Records for processing:
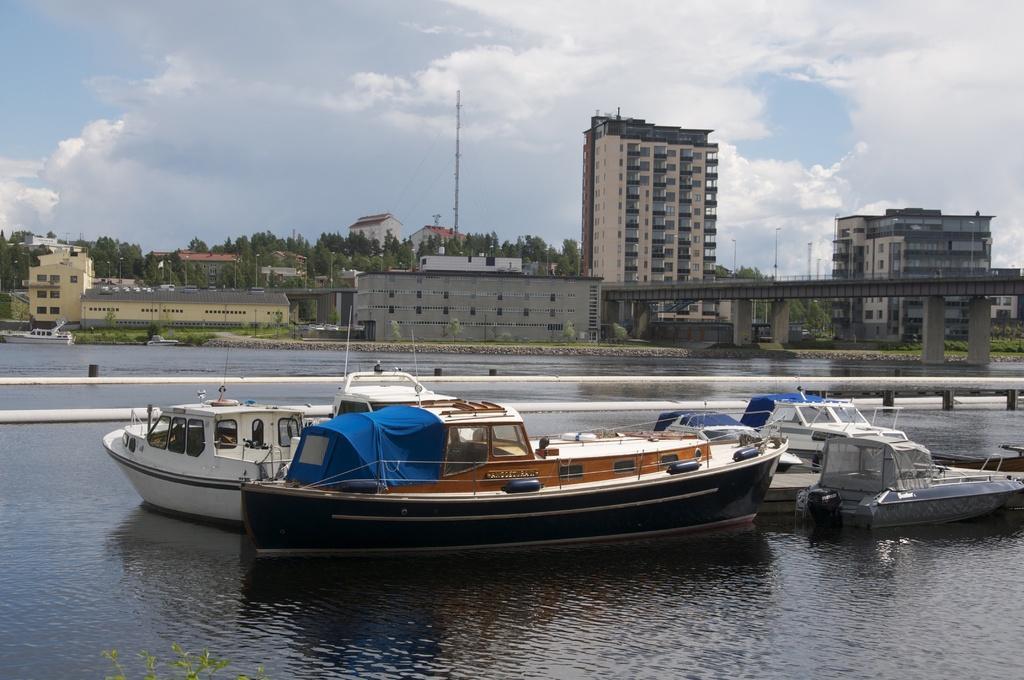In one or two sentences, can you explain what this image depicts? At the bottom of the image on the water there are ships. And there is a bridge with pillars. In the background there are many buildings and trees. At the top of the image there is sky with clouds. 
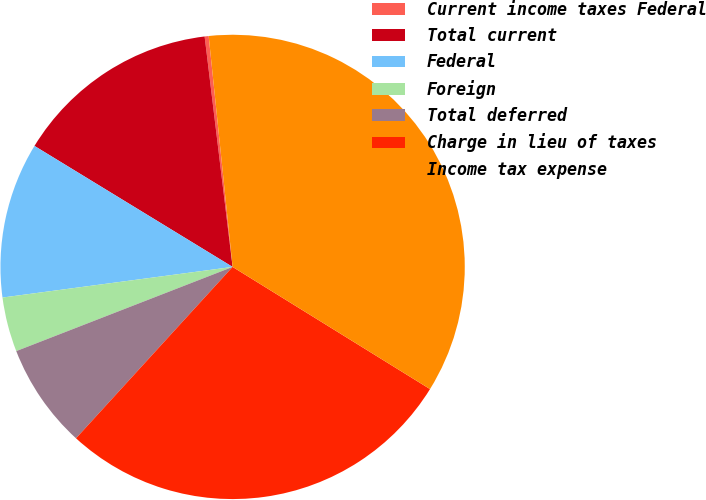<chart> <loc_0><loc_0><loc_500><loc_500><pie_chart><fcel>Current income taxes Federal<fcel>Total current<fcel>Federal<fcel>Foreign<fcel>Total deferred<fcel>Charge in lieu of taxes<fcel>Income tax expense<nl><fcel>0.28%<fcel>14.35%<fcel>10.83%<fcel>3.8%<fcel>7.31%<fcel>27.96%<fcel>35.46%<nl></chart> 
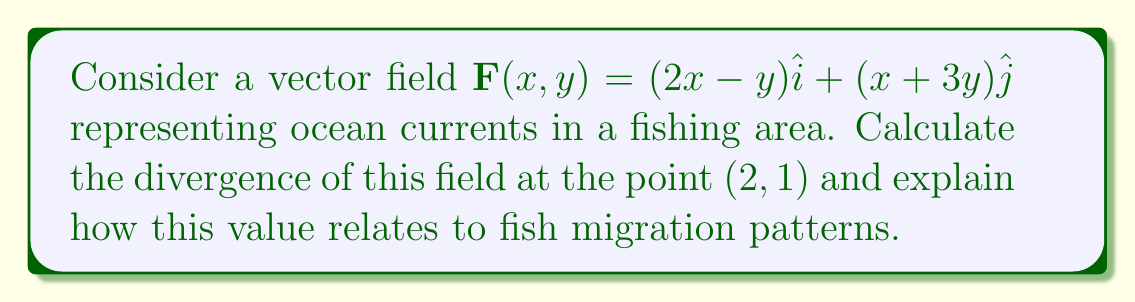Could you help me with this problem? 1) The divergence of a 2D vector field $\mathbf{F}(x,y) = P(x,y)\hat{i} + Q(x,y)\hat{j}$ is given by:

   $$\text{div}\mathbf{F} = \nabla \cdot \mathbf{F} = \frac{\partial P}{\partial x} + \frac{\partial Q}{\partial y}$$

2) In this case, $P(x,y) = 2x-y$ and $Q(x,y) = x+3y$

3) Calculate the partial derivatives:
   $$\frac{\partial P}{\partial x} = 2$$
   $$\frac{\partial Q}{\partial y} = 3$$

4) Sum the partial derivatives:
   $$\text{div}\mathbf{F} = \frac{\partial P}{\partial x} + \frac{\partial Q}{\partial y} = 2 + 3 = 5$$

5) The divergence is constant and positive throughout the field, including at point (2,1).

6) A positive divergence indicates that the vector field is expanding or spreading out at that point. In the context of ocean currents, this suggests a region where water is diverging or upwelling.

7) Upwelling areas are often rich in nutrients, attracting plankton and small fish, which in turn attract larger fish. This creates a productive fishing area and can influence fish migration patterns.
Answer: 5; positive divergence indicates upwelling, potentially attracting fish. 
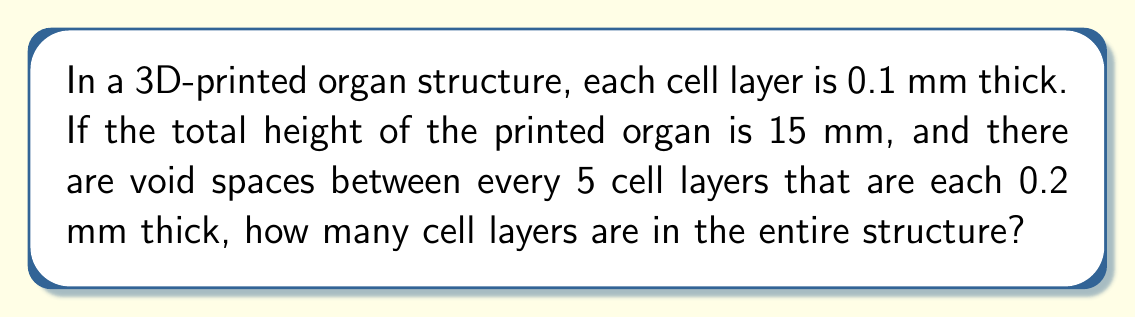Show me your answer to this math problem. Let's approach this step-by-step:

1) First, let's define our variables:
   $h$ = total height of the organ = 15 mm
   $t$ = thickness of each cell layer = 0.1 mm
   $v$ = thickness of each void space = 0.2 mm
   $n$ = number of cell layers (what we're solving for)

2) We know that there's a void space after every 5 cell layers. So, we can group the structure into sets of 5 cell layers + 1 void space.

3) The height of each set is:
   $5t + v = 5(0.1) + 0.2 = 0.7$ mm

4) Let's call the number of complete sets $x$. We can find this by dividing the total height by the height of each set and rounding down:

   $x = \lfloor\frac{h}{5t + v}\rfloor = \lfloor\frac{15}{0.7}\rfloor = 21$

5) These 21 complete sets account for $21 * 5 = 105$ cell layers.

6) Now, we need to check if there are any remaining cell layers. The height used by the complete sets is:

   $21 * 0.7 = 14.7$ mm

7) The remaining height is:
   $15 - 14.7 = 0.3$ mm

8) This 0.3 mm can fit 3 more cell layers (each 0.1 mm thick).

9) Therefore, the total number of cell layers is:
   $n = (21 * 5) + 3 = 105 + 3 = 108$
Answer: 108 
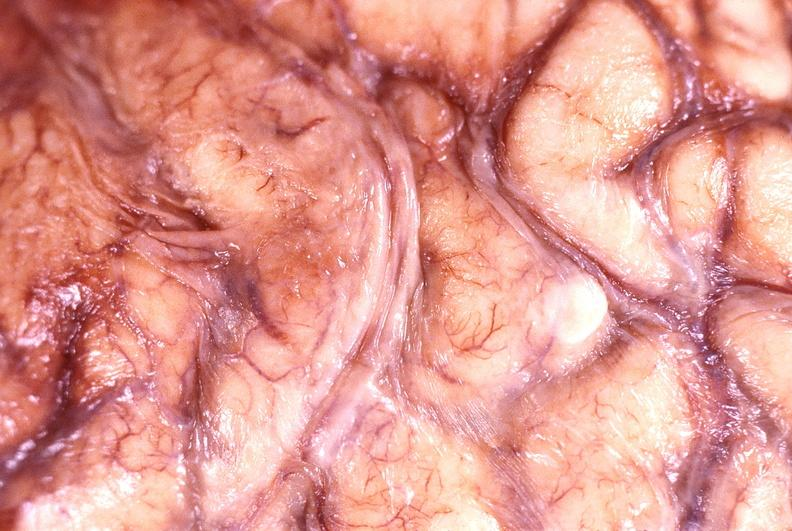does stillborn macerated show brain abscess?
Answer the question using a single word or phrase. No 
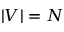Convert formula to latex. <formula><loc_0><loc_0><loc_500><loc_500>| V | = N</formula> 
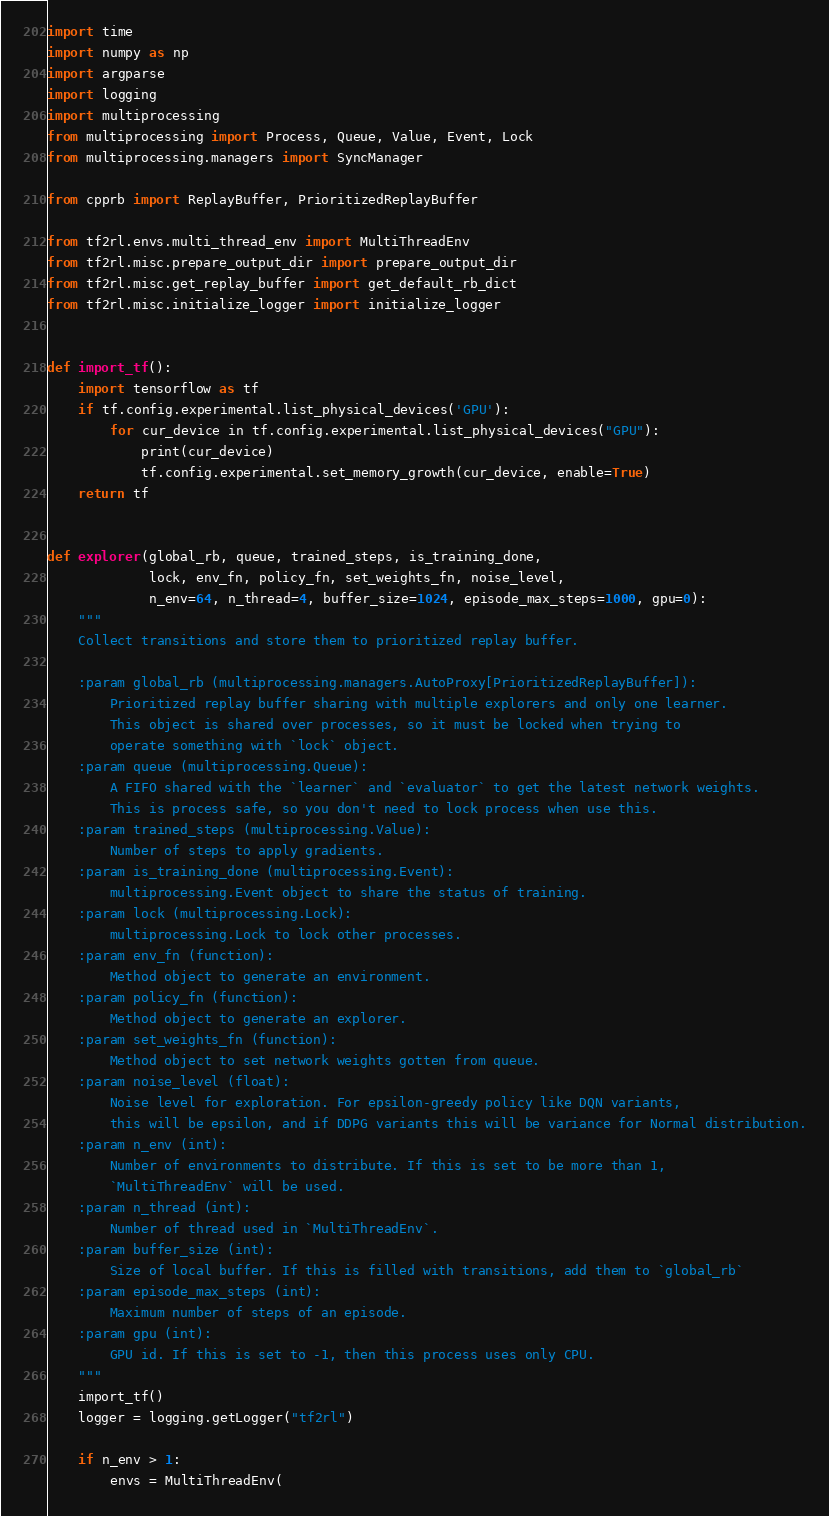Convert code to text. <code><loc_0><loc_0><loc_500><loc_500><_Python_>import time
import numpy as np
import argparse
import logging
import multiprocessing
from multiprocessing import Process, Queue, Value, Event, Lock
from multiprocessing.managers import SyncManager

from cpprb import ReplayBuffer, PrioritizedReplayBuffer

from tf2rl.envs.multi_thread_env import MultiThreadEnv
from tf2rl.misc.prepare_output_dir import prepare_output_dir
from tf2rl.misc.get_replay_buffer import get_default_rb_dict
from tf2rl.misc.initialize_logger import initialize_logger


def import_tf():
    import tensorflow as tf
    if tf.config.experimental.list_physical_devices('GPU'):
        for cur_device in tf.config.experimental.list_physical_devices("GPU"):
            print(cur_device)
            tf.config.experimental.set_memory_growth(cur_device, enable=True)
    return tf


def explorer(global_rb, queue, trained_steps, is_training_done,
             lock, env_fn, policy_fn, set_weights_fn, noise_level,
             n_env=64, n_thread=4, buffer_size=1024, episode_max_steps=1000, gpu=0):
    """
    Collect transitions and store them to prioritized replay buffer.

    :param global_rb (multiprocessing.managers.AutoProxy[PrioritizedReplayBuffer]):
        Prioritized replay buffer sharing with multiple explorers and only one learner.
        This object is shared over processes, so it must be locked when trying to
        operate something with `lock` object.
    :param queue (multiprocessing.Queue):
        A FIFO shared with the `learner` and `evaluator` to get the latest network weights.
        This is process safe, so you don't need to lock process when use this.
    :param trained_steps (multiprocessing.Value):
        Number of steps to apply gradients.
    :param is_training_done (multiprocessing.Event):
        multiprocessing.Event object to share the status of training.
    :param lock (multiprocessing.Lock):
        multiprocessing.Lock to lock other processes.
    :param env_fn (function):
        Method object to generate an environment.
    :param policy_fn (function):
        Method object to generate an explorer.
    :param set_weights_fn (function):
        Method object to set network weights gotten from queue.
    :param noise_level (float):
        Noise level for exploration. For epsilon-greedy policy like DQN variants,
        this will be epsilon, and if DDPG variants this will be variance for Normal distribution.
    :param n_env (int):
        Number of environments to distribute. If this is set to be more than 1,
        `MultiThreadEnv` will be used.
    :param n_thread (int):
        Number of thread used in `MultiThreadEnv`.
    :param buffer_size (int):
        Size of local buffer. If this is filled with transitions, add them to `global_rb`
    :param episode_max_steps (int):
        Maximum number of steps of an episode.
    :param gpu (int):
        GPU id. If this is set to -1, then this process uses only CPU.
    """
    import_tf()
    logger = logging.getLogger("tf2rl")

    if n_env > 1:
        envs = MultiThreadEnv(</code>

Task to complete:
Gather all lines from the listing above in which "sets" occurs.

Response below:
2) We know that there's a void space after every 5 cell layers. So, we can group the structure into sets of 5 cell layers + 1 void space.
4) Let's call the number of complete sets $x$. We can find this by dividing the total height by the height of each set and rounding down:
5) These 21 complete sets account for $21 * 5 = 105$ cell layers.
6) Now, we need to check if there are any remaining cell layers. The height used by the complete sets is:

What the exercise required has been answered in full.